Os deputados encontraram em seu bolso dois comprimidos brancos, identificados como o opioide hidrocodona, usado para tratar a dor, disse o relatório.
Quando questionado por um deputado se ele tomava algum medicamento prescrito, Woods disse: “Eu tomo alguns”.
O agente de Woods na Excel Sports, Mark Steinberg, não respondeu a várias mensagens solicitando comentários.
O jogador de golfe estava viajando em alta velocidade em uma estrada residencial à beira-mar na Ilha de Júpiter quando seu Land Rover bateu no caminhão e tombou de lado, de acordo com o gabinete do xerife, que observou que Woods havia mostrado sinais de comprometimento.
O caminhão teve danos de US $ 5.000, de acordo com o relatório.
O motorista do caminhão e outra pessoa ajudaram Woods a sair do veículo, e o jogador de golfe precisou sair pelo lado do passageiro. Nem Woods nem o motorista do caminhão ficaram feridos.
Durante um teste de sobriedade, os policiais notaram Woods mancando e que ele tinha uma meia de compressão no joelho direito. O jogador de golfe explicou que passou por sete cirurgias nas costas e mais de 20 operações nas pernas, e que seu tornozelo trava ao caminhar. Woods, que soluçava durante o interrogatório, movia continuamente a cabeça durante um dos testes de sobriedade, e os policiais tiveram que instruí-lo várias vezes para manter a cabeça reta, disse o relatório.
“Com base em minhas observações de Woods, em como ele executou os exercícios e em meu treinamento, conhecimento e experiência, acreditei que as faculdades normais de Woods estavam prejudicadas e ele era incapaz de operar o veículo motorizado com segurança”, escreveu o deputado após os testes.
Woods, 50 anos, é a figura mais influente do golfe e tornou-se tão reconhecido quanto qualquer atleta no mundo. A primeira pessoa de ascendência negra a vencer o Masters em 1997, ele cativou os fãs do golfe com recordes que provavelmente nunca serão quebrados.

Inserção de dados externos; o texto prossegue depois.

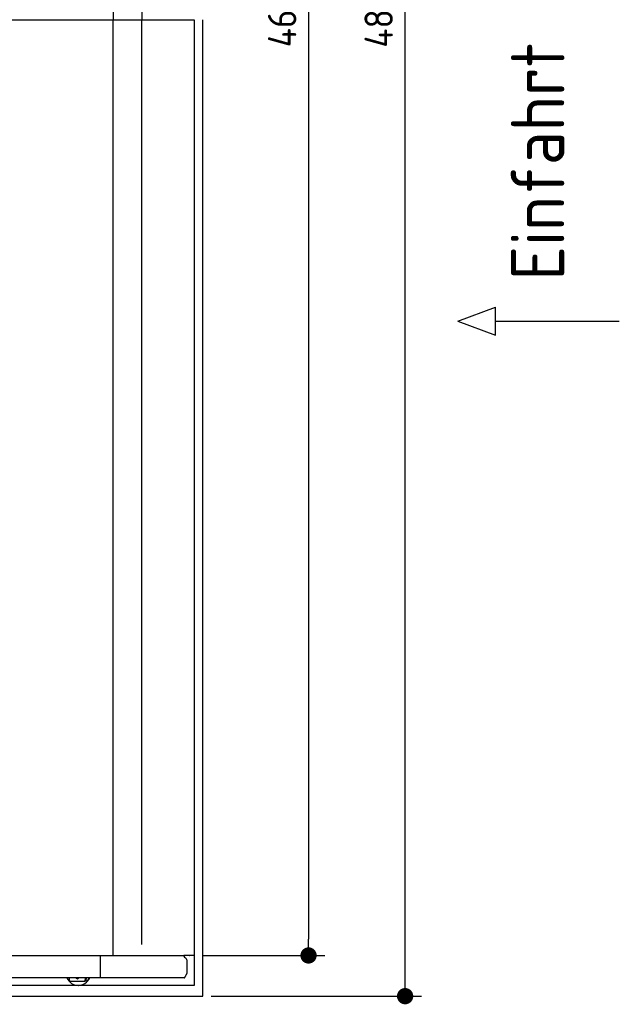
# Model space of a CAD drawing. Header units: millimetres. Extents: x 705 to 7297, y 228 to 5720.
# Tile 3 of 4: x 5822 to 7297, y 317 to 2737. Entities that reach past the tile are written whole.
import ezdxf

# ---------------------------------------------------------------- set-up
doc = ezdxf.new("R2010")
doc.units = ezdxf.units.MM
doc.layers.get('0').update_dxf_attribs({"lineweight": 25})
doc.layers.add('4', color=3, linetype='Continuous', lineweight=25)
doc.styles.get("Standard").update_dxf_attribs({"font": 'ISOCP.SHX'})
doc.dimstyles.new('GEN-ISO$0', dxfattribs={"dimscale": 20, "dimtxt": 3.5, "dimasz": 2, "dimexe": 2, "dimexo": 1, "dimgap": 1.5, "dimtad": 1, "dimdec": 1, "dimlfac": 0.1, "dimdsep": 46, "dimtxsty": 'Standard', "dimblk": 'PUNKT', "dimcen": 2, "dimclrd": 256, "dimclre": 256, "dimclrt": 2, "dimadec": 0, "dimazin": 0, "dimtp": 0.1, "dimtm": 0.1, "dimtfac": 0.71, "dimtdec": 1, "dimtmove": 2, "dimatfit": 3, "dimldrblk": 'PUNKT', "dimfxl": 1, "dimtolj": 1, "dimarcsym": 0})

# ---------------------------------------------------------------- blocks, each defined once
blk = doc.blocks.new('PUNKT')
at = {"layer": '4', "color": 0, "linetype": 'ByBlock'}
blk.add_line((-0.5, 0), (-1, 0), dxfattribs=at)
at = {"layer": '4', "color": 0, "linetype": 'ByBlock', "const_width": 0.5}
blk.add_lwpolyline([(-0.25, 0, 1), (0.25, 0, 1)], format="xyb", close=True, dxfattribs=at)
blk = doc.blocks.new('*D8')
at = {"layer": '4', "lineweight": -2, "transparency": 16777216}
for p, q in [((6271.5, 5037.3), (6572.5, 5037.3)), ((6532.5, 4997.3), (6532.5, 477.3)), ((6271.5, 437.3), (6572.5, 437.3))]:
    blk.add_line(p, q, dxfattribs=at)
at = {"layer": 'DEFPOINTS', "color": 0, "transparency": 16777216}
for p in [(6251.5, 5037.3), (6251.5, 437.3), (6532.5, 437.3)]:
    blk.add_point(p, dxfattribs=at)
at = {"layer": '4', "lineweight": -2, "transparency": 16777216, "xscale": 40, "yscale": 40, "zscale": 40}
for p, rotation in [((6532.5, 5037.3), 90), ((6532.5, 437.3), 270)]:
    blk.add_blockref('PUNKT', p, dxfattribs=dict(at, rotation=rotation))
at = {"layer": '4', "color": 2, "transparency": 16777216, "insert": (6467.5, 2737.3), "char_height": 70, "attachment_point": 5, "rotation": 90}
blk.add_mtext('\\A1;460', dxfattribs=at)
blk = doc.blocks.new('*D9')
at = {"layer": '4', "lineweight": -2, "transparency": 16777216}
for p, q in [((6292.8, 5137.3), (6810, 5137.3)), ((6770, 377.3), (6770, 5097.3)), ((6292.8, 337.3), (6810, 337.3))]:
    blk.add_line(p, q, dxfattribs=at)
at = {"layer": 'DEFPOINTS', "color": 0, "transparency": 16777216}
for p in [(6272.8, 5137.3), (6770, 5137.3), (6272.8, 337.3)]:
    blk.add_point(p, dxfattribs=at)
at = {"layer": '4', "lineweight": -2, "transparency": 16777216, "xscale": 40, "yscale": 40, "zscale": 40}
for p, rotation in [((6770, 5137.3), 90), ((6770, 337.3), 270)]:
    blk.add_blockref('PUNKT', p, dxfattribs=dict(at, rotation=rotation))
at = {"layer": '4', "color": 2, "transparency": 16777216, "insert": (6705, 2737.3), "char_height": 70, "attachment_point": 5, "rotation": 90}
blk.add_mtext('\\A1;480', dxfattribs=at)

msp = doc.modelspace()

# ---------------------------------------------------------------- linework, layer by layer
for p, q in [((6051.69, 5035.27), (6051.69, 2737.27)), ((6122.09, 5010.27), (6122.09, 2737.27)), ((1171.67, 2737.27), (6251.55, 2737.27)), ((6051.69, 439.27), (6051.69, 2737.27)), ((6122.09, 464.27), (6122.09, 2737.27)), ((6251.55, 2737.27), (6251.55, 363.77)), ((6272.78, 337.27), (6272.78, 2737.27)), ((6899.54, 1996.01), (6992.24, 2030.52)), ((6992.24, 1961.51), (6992.24, 2030.52)), ((6899.54, 1996.01), (6992.24, 1961.51)), ((6992.24, 1996.01), (7296.87, 1996.01)), ((1171.72, 437.27), (6020.52, 437.27)), ((6020.89, 437.27), (6020.52, 437.27)), ((6020.89, 382.27), (6020.89, 437.27)), ((6020.89, 437.27), (6225.48, 437.27)), ((6251.55, 437.27), (6225.48, 437.27)), ((6240.01, 437.27), (6240.9, 437.27)), ((6240.69, 437.27), (6240.03, 437.27)), ((6232.77, 426.66), (6232.77, 392.93)), ((6015.74, 382.27), (4551.19, 382.27)), ((6251.55, 363.77), (4717.77, 363.77)), ((5943.67, 382.27), (5943.67, 378.77)), ((5948.67, 373.77), (5978.66, 373.77)), ((5963.64, 379.91), (5963.43, 379.91)), ((5966.49, 363.77), (5965.97, 363.77)), ((5978.66, 373.77), (5978.8, 373.77)), ((5978.8, 373.77), (5980.57, 373.77)), ((5980.57, 373.77), (5980.71, 373.77)), ((5983.66, 378.77), (5983.66, 382.27)), ((5983.8, 382.27), (5983.8, 378.77)), ((5985.57, 378.77), (5985.57, 382.27)), ((5985.71, 382.27), (5985.71, 378.77)), ((6017.56, 382.27), (6015.73, 382.27)), ((6015.73, 382.27), (6015.73, 382.27)), ((6226.61, 382.27), (6017.56, 382.27)), ((4772.77, 337.27), (6272.78, 337.27))]:
    msp.add_line(p, q)
for centre, major_axis, ratio, start_param, end_param in [((6229.89, 437.27), (0, -5.66), 0.7193398, 5.0737444, 6.1892107), ((6229.17, 426.66), (0, 5), 0.7193398, 4.712389, 6.1892107), ((6232.77, 384.27), (0, 5), 0.7193398, 0.5235988, 1.159293), ((6229.17, 392.93), (0, -5), 0.7193398, 0.5235988, 1.5707963), ((5965.97, 393.77), (0, -30), 0.9998477, 5.1057916, 7.460579), ((5948.67, 378.77), (0, -5), 0.9998477, 4.712389, 6.2831853), ((5966.49, 393.77), (0, -30), 0.9998477, 0, 1.1773937), ((5978.66, 378.77), (0, -5), 0.9998477, 0, 1.5707963), ((5978.8, 378.77), (0, -5), 0.9998477, 0, 1.5707963), ((5980.57, 378.77), (0, -5), 0.9998477, 0, 1.5707963), ((5980.71, 378.77), (0, -5), 0.9998477, 0, 1.5707963)]:
    msp.add_ellipse(centre, major_axis=major_axis, ratio=ratio, start_param=start_param, end_param=end_param)
for points, knots in [([(6226.08, 435.27), (6226.04, 435.53), (6225.99, 435.78), (6225.8, 436.46), (6225.66, 436.88), (6225.48, 437.27)], [0, 0, 0, 0, 0.07853688, 0.07853688, 0.21396145, 0.21396145, 0.21396145, 0.21396145]), ([(6226.61, 382.27), (6226.73, 382.27), (6226.85, 382.28), (6227.07, 382.34), (6227.17, 382.37), (6227.27, 382.42)], [0, 0, 0, 0, 0.05592576, 0.05592576, 0.11186183, 0.11186183, 0.11186183, 0.11186183]), ([(6227.27, 382.42), (6227.41, 382.49), (6227.55, 382.58), (6227.96, 382.92), (6228.22, 383.23), (6228.7, 383.97), (6228.9, 384.39), (6229.16, 385.08), (6229.23, 385.31), (6229.37, 385.79), (6229.42, 386.03), (6229.47, 386.27)], [0, 0, 0, 0, 0.07658948, 0.07658948, 0.22699607, 0.22699607, 0.37633525, 0.37633525, 0.45078586, 0.45078586, 0.52533064, 0.52533064, 0.52533064, 0.52533064])]:
    msp.add_open_spline(points, degree=3, knots=knots)
for points, weights in [([(5963.43, 379.91), (5961.25, 381.17), (5959.34, 382.27)], [1, 1.05092652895, 1.06832361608]), ([(5967.5, 382.27), (5965.59, 381.17), (5963.43, 379.91)], [1.06832361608, 1.05092652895, 1]), ([(5963.64, 379.91), (5965.82, 381.17), (5967.74, 382.27)], [1, 1.05092652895, 1.06832361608])]:
    msp.add_rational_spline(points, weights, degree=2)

# ---------------------------------------------------------------- texts
msp.add_text('Einfahrt / Access', height=131.25, rotation=90).set_placement((7161.81, 2096.43))

# ---------------------------------------------------------------- dimensions: what is measured, and where the dimension line sits
at = {"layer": '4'}
for base, p1, p2, picture, middle in [((6769.99, 5137.27), (6272.78, 337.27), (6272.78, 5137.27), '*D9', (6704.99, 2737.27)), ((6532.55, 437.27), (6251.55, 5037.27), (6251.55, 437.27), '*D8', (6467.55, 2737.27))]:
    dim = msp.add_linear_dim(base=base, p1=p1, p2=p2, angle=90, dimstyle='GEN-ISO$0', dxfattribs=at)
    dim.commit()
    dim.dimension.update_dxf_attribs({"geometry": picture, "text_midpoint": middle})

doc.saveas('drawing.dxf')

Mas seus ferimentos o impediram de realizar mais, incluindo os sofridos em um acidente de carro em 2021 que danificou tanto sua perna direita que os médicos consideraram a amputação.
Neste último acidente, Woods concordou com um teste de bafômetro, que não mostrou sinais de álcool, mas recusou um teste de urina, disseram as autoridades. Ele foi preso e libertado sob fiança oito horas depois.
Ninguém do lado de Woods ou do PGA Tour – ele faz parte do conselho e é o presidente do comitê que está remodelando o modelo de competição – fez comentários desde sua prisão.
Woods, que esteve envolvido em muitos acidentes ao longo dos anos, é acusado de dirigir alcoolizado, de danos materiais e de recusa em se submeter a um teste legal. O acordo está agendado para 23 de abril. Os registros judiciais on-line não listam um advogado para ele.
Sob uma mudança na lei da Flórida no ano passado, recusar o pedido de um policial para fazer um exame de bafômetro, sangue ou urina tornou-se uma contravenção, mesmo para uma primeira infração.